FIG. 3 illustrates a detailed view of a Layer Tile data structure 300 (or simply “Layer Tile 300” hereinafter) which can be used to organize information within shared memory 206 in fused layer system 200 of FIG. 2 in accordance to some embodiments described herein. Generally, Layer Tile 300 may implement a data structure that can be used to store and manipulate input data, intermediate results, and output data associated with a tile-processing iteration of a fused neural network layer in layer system 200.

As illustrated in FIG. 3, Layer Tile 300 may include a tile metadata 304 and a cells array 320 for a corresponding tile. Cells array 320 can hold the tile's data values, while tile metadata 304 can contain a set of settings that describe: (1) a structure and layout of the associated tile in GPU shared memory 206; (2) a pointer to a tensor that the tile corresponds to; and (3) tile-processing iteration data. A fused layer can be configured to initialize vectors 308-312 in metadata 304, which in turn configures how a tile-storing operation or a tile-loading operation uses the threads of a GPU thread block to perform coalesced memory access operations to or from a tensor in GPU global memory. The settings in tile metadata 304 can also be used to configure how an internal layer uses the threads of a GPU thread block to process the data values in cells array 320 of Layer Tile 300, such as when performing a matrix-multiplication operation between two tiles in GPU shared memory 206.

In some embodiments, the set of settings in tile metadata 310 can include:

    • 1. a global-array pointer 306: this is a pointer to the corresponding tensor in GPU global memory 204 that Layer Tile 300 is associated with. Fused layer 208 can set global array pointer 306 to preserve register memory, and to simplify loading a portion of the corresponding tensor onto Layer Tile 300;
    • 2. a global-shape vector 308: this vector includes an array of integers that specifies the size for each dimension of the global tensor that Layer Tile 300 is associated with. The vector can be used to compute the mapping between tile indices and global tensor indices;
    • 3. a tile-shape vector 310: this vector includes an array of integers that can specify the sizes for various dimensions of cells array 320, which indicate a size and shape of the tile; and
    • 4. a tile-iterations vector 312: this vector includes an array of integers that can specify a number of tiles required to cover each dimension of the tensor in GPU global memory 204. Fused layer 208 can use tile-iterations vector 312 to compute a total number of tiles that need to be processed, and to compute memory locations of the tensor in GPU global memory 204 for a respective tile-processing iteration.

Cells array 320 can include a contiguous block of shared memory that can hold the data values of Layer Tile 300. The size of the cells array 320 can be greater than or equal to a size indicated by tile-shape vector 314. Cells array 320 can be accessed using indices that correspond to the tile dimensions specified by tile-shape vector 310 of Layer Tile 300.

In some embodiments, the fused layer system 200 can use memory coalescing techniques to efficiently populate cells array 320 of Layer Tile 300, using data from the corresponding tensor in GPU global memory 204. For example, one or more GPU warps can independently iterate across regions of the corresponding tensor, wherein the threads in each warp can access contiguous elements of the global tensor's memory region.
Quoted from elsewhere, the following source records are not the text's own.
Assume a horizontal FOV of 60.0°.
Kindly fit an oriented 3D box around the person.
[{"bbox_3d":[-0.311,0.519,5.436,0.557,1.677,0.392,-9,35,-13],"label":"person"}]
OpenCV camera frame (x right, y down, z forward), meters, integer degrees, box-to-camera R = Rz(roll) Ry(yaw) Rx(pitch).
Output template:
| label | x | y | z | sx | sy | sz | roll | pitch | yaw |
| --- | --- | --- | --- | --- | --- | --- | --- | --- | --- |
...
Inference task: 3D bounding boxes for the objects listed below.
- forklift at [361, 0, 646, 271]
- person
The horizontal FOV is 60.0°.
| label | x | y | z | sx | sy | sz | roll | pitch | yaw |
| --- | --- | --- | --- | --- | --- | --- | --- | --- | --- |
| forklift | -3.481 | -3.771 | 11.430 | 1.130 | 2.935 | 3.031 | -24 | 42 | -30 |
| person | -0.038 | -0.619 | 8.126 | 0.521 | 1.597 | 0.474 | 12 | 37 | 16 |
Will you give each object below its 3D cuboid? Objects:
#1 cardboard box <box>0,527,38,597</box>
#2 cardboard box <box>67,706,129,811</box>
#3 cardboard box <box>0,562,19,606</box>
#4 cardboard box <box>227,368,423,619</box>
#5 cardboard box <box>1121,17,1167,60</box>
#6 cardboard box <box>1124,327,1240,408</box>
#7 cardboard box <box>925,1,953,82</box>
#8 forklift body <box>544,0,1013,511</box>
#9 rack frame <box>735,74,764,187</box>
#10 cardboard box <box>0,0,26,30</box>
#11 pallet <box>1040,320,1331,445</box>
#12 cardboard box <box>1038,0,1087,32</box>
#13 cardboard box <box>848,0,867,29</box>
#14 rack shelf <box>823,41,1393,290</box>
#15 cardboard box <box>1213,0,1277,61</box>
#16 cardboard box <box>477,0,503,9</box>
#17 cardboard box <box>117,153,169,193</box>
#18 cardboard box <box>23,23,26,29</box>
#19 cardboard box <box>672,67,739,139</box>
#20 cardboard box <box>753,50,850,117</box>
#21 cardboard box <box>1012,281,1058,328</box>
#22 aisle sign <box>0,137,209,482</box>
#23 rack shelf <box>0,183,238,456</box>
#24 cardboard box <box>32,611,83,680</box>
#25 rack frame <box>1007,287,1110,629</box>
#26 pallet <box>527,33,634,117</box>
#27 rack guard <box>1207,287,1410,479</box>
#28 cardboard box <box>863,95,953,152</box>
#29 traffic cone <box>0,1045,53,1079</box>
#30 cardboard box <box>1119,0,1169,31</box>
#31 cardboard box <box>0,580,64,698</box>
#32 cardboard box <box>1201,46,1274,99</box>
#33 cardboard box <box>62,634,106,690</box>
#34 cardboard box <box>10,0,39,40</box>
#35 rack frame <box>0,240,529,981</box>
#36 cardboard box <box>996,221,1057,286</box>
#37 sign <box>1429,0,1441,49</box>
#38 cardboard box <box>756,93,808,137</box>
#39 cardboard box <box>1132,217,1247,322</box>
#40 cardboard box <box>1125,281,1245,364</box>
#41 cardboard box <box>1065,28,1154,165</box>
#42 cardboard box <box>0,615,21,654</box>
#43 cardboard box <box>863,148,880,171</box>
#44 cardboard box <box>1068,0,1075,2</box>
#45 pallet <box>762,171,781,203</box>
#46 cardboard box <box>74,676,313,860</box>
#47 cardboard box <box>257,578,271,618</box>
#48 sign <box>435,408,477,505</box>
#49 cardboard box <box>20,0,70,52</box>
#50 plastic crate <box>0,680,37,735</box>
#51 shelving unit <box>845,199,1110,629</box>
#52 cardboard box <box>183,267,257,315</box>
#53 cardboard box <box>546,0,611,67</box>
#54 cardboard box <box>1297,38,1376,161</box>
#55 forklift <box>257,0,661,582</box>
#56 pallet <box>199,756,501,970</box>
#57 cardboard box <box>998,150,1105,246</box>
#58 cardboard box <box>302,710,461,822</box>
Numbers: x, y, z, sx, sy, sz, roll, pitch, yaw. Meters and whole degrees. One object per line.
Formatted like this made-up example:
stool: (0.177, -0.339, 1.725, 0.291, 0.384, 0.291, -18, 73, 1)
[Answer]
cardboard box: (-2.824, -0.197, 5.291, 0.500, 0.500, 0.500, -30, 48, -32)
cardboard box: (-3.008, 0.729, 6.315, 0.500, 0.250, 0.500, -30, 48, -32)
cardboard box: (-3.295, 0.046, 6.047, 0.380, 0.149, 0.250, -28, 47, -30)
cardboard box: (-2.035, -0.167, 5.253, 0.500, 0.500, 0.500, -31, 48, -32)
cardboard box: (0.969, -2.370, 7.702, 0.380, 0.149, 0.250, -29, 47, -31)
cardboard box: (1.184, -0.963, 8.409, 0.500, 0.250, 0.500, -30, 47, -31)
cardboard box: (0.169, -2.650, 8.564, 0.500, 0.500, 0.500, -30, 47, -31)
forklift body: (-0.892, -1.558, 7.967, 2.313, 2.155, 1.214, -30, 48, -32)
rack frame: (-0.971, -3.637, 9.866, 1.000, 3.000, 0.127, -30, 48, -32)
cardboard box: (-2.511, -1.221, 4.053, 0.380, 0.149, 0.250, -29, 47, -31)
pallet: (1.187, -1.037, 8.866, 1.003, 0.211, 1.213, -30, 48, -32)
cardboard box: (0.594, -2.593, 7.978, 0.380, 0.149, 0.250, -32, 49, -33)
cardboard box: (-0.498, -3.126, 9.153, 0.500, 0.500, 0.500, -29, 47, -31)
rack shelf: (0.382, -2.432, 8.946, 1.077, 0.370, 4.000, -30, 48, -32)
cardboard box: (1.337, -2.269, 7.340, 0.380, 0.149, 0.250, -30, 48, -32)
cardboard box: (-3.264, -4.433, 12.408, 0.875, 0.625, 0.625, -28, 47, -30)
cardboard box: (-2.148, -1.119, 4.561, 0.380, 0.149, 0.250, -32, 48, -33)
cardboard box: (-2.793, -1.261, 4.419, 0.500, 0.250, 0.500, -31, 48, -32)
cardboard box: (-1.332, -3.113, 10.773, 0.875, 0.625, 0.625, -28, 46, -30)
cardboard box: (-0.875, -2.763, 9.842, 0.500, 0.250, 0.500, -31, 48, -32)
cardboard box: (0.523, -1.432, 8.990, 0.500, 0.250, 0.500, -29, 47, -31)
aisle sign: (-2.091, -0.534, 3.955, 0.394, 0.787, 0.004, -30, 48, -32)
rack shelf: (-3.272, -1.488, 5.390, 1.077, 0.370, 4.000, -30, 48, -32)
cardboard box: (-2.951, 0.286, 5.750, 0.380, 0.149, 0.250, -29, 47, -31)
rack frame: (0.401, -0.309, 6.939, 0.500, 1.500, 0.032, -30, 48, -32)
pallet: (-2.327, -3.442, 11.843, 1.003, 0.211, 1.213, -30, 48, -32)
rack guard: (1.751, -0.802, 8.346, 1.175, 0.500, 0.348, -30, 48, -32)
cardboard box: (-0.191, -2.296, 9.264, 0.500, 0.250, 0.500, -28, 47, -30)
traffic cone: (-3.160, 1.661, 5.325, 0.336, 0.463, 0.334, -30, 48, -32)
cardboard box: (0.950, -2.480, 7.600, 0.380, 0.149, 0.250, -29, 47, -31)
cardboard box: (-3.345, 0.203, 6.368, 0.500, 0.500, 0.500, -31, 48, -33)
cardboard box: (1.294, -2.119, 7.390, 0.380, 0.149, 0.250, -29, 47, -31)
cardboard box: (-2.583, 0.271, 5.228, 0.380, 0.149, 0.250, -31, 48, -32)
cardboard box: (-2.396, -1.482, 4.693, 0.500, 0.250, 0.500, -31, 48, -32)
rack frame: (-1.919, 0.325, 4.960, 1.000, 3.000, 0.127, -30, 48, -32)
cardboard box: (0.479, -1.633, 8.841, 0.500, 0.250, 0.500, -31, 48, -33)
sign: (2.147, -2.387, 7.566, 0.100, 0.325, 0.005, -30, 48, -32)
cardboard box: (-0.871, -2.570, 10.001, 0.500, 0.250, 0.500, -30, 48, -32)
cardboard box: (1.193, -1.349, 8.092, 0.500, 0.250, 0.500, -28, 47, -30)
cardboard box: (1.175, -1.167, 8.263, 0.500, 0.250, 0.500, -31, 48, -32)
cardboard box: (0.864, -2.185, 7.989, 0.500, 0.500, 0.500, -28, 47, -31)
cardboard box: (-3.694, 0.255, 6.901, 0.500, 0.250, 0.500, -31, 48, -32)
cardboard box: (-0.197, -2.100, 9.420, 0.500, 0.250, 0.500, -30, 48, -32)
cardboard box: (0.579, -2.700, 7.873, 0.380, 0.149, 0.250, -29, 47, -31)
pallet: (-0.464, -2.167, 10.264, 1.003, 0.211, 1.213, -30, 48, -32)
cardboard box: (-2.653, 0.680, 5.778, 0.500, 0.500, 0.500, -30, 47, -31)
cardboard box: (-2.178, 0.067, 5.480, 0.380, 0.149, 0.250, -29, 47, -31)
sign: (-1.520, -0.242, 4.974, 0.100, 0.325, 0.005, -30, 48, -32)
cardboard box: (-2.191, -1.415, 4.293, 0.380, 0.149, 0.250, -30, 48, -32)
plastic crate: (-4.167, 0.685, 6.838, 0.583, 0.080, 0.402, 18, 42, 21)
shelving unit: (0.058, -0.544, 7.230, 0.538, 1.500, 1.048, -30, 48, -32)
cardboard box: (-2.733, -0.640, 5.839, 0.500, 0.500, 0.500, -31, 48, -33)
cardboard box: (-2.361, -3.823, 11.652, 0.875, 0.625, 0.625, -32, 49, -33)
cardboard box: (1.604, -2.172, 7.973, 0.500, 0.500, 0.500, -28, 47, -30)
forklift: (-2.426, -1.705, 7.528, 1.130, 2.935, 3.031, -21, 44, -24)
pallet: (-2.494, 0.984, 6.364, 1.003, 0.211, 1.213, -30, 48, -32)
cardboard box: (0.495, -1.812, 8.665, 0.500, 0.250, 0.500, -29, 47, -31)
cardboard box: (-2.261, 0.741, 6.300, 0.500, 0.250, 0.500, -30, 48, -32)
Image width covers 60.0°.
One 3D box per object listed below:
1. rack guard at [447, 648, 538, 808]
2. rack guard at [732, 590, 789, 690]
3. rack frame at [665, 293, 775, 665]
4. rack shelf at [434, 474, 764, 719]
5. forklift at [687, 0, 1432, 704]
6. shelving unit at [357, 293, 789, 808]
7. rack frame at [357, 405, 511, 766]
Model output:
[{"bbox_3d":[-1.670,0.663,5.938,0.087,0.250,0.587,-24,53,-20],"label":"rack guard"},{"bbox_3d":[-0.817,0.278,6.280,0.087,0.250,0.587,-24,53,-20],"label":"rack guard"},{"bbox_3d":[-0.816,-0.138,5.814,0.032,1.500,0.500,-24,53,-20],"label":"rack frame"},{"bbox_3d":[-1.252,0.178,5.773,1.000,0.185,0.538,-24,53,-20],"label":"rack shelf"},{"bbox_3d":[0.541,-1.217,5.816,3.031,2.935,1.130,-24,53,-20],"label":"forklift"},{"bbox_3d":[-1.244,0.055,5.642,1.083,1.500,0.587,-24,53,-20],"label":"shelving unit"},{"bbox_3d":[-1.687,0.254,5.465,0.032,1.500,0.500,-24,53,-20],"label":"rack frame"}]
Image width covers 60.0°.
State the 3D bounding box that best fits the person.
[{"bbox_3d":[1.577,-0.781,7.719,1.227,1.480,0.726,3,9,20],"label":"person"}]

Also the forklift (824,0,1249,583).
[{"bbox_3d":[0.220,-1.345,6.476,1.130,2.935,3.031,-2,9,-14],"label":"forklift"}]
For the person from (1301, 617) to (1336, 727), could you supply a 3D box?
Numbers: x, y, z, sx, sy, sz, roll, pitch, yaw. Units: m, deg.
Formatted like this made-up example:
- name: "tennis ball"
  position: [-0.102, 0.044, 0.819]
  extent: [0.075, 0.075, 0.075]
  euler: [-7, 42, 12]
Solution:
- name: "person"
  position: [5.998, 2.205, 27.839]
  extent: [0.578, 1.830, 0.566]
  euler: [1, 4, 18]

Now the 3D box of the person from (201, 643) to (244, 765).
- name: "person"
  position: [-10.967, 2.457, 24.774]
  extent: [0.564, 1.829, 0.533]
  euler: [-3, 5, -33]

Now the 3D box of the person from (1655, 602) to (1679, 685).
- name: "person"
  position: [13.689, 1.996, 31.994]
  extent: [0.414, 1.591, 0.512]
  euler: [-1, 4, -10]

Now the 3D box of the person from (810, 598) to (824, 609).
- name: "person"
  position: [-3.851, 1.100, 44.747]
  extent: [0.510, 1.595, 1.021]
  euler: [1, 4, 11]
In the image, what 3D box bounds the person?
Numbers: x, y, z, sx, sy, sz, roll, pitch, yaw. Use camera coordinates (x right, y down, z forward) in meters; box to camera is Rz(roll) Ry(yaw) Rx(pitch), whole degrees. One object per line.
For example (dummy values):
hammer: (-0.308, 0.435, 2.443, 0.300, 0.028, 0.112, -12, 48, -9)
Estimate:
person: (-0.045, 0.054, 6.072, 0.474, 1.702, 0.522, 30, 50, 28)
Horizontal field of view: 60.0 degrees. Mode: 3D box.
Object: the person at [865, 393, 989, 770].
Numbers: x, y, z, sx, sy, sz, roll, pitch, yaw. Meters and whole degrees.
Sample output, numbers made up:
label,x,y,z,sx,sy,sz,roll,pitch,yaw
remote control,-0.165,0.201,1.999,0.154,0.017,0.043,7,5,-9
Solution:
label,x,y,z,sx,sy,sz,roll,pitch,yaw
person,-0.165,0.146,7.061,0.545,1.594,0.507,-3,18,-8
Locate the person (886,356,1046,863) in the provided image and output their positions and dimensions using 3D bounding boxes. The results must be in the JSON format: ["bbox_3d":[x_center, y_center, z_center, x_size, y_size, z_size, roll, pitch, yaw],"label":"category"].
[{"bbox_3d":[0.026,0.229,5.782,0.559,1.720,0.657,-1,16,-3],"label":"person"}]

These warp threads may then store these elements in contiguous locations in the cells array 320, which resides in GPU shared memory. This ensures that the global memory accesses are coalesced, thereby maximizing memory bandwidth utilization.

Similarly, when storing intermediate-layer results from Layer Tile 300 back to their corresponding cells in global memory 204, fused layer system 200 can configure the threads in the corresponding warp to write contiguous elements from cells array 320 to their corresponding contiguous locations in the region of global memory 204 that stores the tensor. Again, this ensures that the global memory accesses are coalesced for optimal performance.

Fused Neural Network Layer Architectures

FIG. 4 illustrates a process 400 for executing a fused neural network layer in accordance with some embodiments described herein. Process 400 may begin with a GPU running a fused neural network layer (e.g., fused layer 208 in FIG. 2) (step 402). The fused layer can combine multiple internal layer operations, such as a convolution, an activation, and/or a normalization operation, into a combined computation step, wherein the combined computation step can then be executed within a single GPU kernel. By fusing these internal layer operations together, the fused layer can reduce overhead due to global memory access, and can improve performance compared to executing each internal layer as a separate GPU kernel.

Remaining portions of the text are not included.